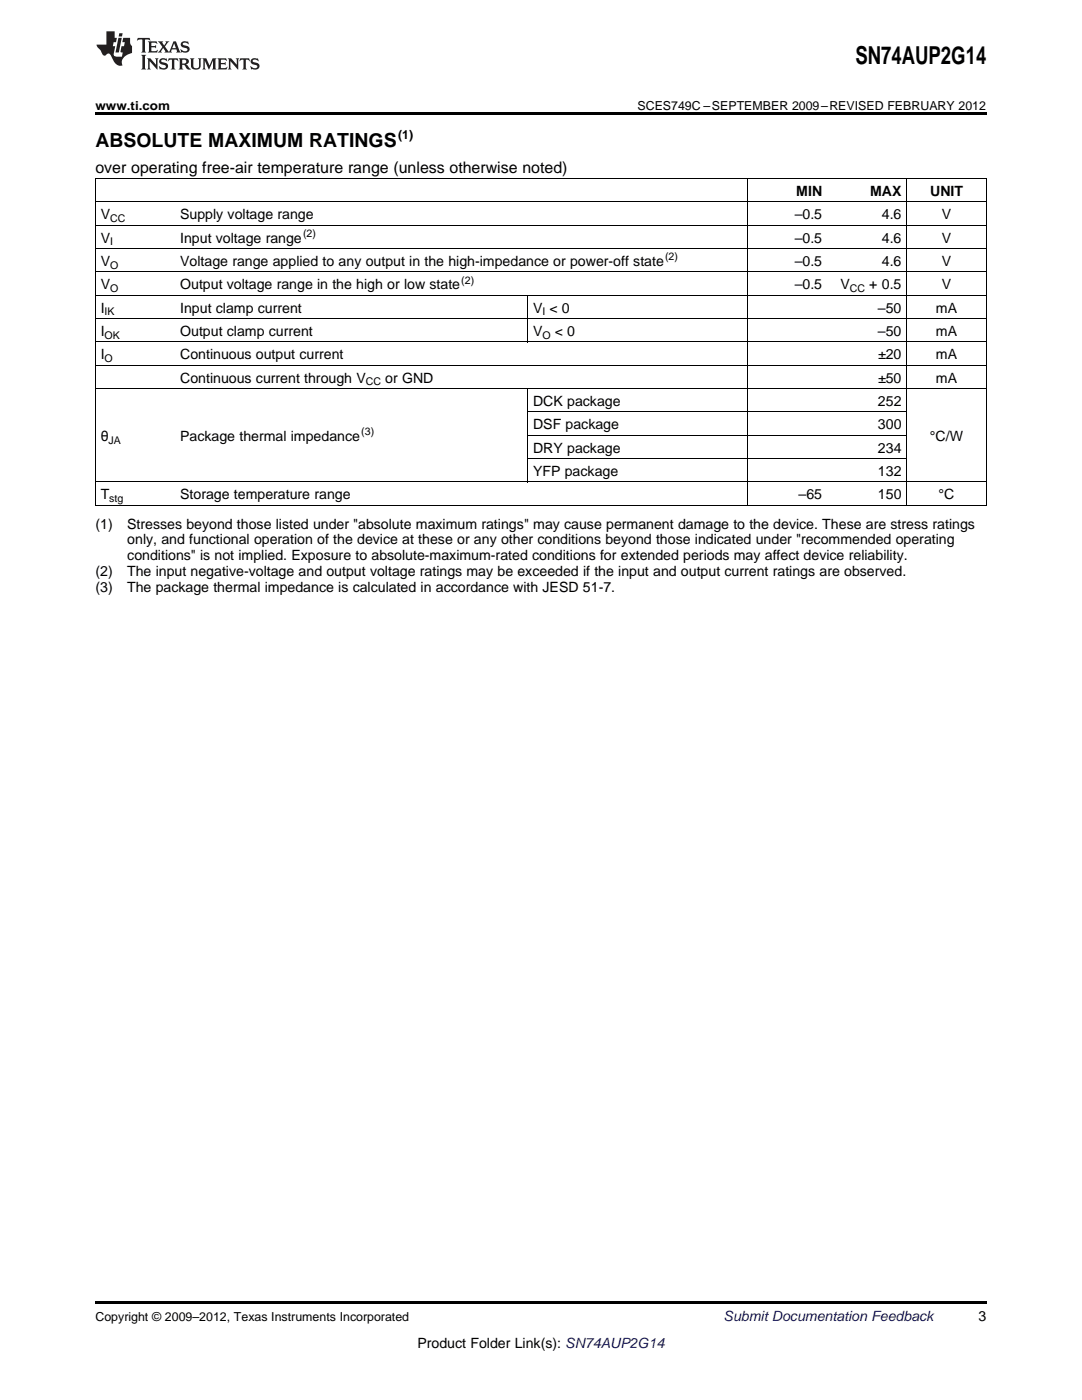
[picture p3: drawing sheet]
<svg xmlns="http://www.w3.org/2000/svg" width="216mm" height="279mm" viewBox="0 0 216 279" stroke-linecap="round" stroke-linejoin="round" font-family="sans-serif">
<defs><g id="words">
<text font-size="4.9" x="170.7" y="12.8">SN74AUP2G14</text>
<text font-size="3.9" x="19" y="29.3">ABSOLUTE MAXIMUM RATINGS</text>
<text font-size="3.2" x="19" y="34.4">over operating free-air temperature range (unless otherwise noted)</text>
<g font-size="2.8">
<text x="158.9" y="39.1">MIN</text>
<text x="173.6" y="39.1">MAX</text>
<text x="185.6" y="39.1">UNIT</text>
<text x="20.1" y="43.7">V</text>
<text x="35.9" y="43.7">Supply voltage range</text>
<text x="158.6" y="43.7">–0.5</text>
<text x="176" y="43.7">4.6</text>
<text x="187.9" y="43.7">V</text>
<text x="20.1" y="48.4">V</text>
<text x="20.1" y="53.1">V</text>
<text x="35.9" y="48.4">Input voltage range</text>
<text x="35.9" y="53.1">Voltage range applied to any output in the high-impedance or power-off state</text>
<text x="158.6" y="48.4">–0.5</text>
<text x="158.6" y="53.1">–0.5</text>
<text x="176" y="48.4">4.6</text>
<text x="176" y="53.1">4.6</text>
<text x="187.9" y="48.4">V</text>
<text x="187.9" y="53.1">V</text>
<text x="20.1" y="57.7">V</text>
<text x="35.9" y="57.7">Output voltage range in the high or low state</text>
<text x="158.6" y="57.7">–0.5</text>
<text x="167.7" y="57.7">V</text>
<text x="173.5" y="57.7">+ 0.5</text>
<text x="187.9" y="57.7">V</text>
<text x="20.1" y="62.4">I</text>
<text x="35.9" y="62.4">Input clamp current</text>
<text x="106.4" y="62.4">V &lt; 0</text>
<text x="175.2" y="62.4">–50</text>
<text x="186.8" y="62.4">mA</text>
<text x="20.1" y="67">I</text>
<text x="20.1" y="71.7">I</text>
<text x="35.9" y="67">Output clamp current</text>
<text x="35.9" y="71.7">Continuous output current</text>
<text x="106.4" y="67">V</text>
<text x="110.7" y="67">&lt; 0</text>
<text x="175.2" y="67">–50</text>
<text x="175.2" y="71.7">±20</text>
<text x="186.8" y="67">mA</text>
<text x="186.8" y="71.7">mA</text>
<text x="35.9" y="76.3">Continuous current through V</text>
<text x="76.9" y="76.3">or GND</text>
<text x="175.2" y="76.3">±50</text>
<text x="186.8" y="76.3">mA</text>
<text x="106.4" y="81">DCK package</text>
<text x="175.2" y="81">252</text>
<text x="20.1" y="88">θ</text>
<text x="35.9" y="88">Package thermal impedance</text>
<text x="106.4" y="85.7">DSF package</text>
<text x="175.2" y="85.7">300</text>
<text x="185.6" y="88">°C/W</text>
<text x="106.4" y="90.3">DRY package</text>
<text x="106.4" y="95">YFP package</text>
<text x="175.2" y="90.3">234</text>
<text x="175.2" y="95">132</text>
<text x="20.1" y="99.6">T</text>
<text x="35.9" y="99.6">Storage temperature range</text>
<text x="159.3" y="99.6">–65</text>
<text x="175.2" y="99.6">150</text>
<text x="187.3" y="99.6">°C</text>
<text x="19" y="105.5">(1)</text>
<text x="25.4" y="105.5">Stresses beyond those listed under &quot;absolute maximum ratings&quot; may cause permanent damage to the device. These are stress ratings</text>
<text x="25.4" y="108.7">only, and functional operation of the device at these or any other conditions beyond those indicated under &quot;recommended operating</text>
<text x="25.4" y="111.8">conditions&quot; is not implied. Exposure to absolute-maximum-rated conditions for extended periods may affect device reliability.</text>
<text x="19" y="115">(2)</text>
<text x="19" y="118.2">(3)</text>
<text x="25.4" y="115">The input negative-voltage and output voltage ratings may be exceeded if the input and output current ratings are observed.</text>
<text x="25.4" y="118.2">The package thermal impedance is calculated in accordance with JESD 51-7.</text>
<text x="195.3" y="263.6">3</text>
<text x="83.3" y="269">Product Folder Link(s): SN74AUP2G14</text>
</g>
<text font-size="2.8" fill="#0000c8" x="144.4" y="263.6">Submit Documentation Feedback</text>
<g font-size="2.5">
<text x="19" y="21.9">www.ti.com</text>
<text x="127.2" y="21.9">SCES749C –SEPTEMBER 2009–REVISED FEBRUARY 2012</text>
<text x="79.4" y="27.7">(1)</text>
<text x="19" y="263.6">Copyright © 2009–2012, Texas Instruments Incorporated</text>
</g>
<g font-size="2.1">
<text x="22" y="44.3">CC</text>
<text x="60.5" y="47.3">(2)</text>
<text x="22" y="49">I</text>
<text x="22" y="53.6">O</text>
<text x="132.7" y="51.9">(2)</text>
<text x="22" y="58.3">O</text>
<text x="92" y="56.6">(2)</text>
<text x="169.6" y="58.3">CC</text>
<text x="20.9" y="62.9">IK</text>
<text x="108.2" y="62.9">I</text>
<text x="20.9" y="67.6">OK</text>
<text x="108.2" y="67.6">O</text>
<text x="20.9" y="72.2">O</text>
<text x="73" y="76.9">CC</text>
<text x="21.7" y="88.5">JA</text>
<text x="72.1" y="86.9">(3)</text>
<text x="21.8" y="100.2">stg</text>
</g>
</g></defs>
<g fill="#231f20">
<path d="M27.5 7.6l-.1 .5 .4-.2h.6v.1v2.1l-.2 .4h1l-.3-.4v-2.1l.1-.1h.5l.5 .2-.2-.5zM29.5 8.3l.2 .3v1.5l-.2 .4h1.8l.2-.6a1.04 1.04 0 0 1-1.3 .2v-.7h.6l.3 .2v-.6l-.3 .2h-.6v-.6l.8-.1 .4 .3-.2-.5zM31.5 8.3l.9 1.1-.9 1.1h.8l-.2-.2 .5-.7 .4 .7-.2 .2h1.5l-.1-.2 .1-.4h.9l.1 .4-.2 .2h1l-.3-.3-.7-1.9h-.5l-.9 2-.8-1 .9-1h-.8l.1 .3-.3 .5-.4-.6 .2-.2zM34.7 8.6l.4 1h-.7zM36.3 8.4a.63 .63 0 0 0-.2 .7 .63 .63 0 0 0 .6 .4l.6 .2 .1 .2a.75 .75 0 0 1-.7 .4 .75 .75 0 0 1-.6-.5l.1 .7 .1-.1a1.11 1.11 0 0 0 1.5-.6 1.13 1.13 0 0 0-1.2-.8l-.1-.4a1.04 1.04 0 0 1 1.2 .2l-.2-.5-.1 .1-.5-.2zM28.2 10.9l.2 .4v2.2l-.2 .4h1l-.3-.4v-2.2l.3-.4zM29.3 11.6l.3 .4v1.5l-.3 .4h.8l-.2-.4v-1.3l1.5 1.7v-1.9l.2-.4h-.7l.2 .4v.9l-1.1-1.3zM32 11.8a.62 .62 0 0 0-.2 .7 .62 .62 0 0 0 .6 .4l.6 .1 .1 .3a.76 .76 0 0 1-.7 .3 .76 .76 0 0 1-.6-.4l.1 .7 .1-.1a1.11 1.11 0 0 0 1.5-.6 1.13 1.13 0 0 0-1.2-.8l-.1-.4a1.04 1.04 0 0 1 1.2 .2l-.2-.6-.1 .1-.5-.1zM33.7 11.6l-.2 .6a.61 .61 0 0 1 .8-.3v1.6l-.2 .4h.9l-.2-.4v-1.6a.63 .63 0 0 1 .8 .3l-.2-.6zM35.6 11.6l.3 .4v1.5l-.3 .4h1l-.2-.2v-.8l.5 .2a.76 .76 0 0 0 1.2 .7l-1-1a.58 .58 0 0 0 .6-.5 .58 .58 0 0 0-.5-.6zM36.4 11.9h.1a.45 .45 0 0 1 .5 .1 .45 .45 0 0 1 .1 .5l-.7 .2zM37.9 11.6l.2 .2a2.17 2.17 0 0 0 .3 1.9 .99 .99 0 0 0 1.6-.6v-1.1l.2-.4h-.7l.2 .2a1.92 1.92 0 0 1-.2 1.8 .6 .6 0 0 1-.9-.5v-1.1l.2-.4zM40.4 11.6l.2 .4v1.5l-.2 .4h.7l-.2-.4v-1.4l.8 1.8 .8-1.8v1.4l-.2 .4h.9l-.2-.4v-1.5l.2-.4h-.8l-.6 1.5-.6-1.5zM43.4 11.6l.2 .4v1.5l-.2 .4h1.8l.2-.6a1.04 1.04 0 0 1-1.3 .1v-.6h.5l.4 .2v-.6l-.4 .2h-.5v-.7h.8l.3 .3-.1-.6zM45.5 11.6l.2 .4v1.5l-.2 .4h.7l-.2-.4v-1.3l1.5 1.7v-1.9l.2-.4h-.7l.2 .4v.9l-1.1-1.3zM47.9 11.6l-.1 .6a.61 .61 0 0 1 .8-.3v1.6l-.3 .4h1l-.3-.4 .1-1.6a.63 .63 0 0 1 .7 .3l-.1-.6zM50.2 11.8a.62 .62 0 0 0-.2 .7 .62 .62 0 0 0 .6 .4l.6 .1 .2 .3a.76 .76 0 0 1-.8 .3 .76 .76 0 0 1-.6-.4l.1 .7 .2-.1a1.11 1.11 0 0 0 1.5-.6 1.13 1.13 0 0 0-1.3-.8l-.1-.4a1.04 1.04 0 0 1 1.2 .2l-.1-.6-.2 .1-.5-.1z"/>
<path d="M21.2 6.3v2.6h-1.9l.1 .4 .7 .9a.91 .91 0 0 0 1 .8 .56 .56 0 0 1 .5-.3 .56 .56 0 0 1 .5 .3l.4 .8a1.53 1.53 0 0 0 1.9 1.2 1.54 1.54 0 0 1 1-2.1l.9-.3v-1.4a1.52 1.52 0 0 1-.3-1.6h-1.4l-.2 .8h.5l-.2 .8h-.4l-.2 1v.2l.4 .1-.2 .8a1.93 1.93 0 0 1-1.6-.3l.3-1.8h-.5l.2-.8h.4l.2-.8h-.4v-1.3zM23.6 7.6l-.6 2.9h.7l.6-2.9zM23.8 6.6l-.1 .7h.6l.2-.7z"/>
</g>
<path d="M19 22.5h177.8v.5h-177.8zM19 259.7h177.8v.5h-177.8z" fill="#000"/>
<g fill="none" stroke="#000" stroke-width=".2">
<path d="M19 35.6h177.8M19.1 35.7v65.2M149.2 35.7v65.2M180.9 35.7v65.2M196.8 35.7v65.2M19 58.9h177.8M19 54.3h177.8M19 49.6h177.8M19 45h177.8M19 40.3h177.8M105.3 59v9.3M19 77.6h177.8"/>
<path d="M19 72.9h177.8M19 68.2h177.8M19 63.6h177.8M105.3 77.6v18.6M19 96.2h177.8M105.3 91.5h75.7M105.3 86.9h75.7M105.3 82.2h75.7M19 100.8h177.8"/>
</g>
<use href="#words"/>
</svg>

● ● ● ●

• Task goal: For the string "range", search the preceding data and copy every line that includes it.

• Response:
<text font-size="3.2" x="19" y="34.4">over operating free-air temperature range (unless otherwise noted)</text>
<text x="35.9" y="43.7">Supply voltage range</text>
<text x="35.9" y="48.4">Input voltage range</text>
<text x="35.9" y="53.1">Voltage range applied to any output in the high-impedance or power-off state</text>
<text x="35.9" y="57.7">Output voltage range in the high or low state</text>
<text x="35.9" y="99.6">Storage temperature range</text>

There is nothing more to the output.